About this task => What's needed is an exact copy of all the data below, without pictures.

Input =>
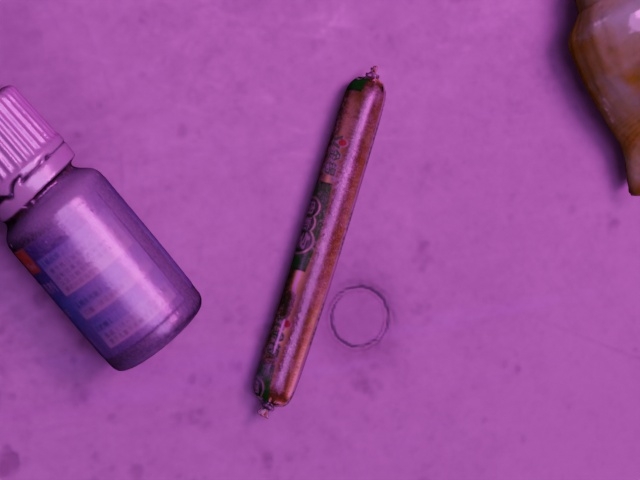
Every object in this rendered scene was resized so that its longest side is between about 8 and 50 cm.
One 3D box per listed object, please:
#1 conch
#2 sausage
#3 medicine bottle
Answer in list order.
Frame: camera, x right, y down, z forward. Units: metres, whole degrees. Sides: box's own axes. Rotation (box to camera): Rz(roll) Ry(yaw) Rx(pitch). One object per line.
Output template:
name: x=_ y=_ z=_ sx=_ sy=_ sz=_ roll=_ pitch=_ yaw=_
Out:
conch: x=0.236 y=-0.143 z=1.385 sx=0.095 sy=0.079 sz=0.201 roll=-34 pitch=118 yaw=-27
sausage: x=0.000 y=0.000 z=1.333 sx=0.033 sy=0.033 sz=0.269 roll=19 pitch=85 yaw=-17
medicine bottle: x=-0.171 y=-0.010 z=1.253 sx=0.083 sy=0.083 sz=0.203 roll=-40 pitch=102 yaw=-13

Exercise output =>
Every object in this rendered scene was resized so that its longest side is between about 8 and 50 cm.
One 3D box per listed object, please:
#1 conch
#2 sausage
#3 medicine bottle
Answer in list order.
Frame: camera, x right, y down, z forward. Units: metres, whole degrees. Sides: box's own axes. Rotation (box to camera): Rz(roll) Ry(yaw) Rx(pitch). One object per line.
Output template:
name: x=_ y=_ z=_ sx=_ sy=_ sz=_ roll=_ pitch=_ yaw=_
Out:
conch: x=0.236 y=-0.143 z=1.385 sx=0.095 sy=0.079 sz=0.201 roll=-34 pitch=118 yaw=-27
sausage: x=0.000 y=0.000 z=1.333 sx=0.033 sy=0.033 sz=0.269 roll=19 pitch=85 yaw=-17
medicine bottle: x=-0.171 y=-0.010 z=1.253 sx=0.083 sy=0.083 sz=0.203 roll=-40 pitch=102 yaw=-13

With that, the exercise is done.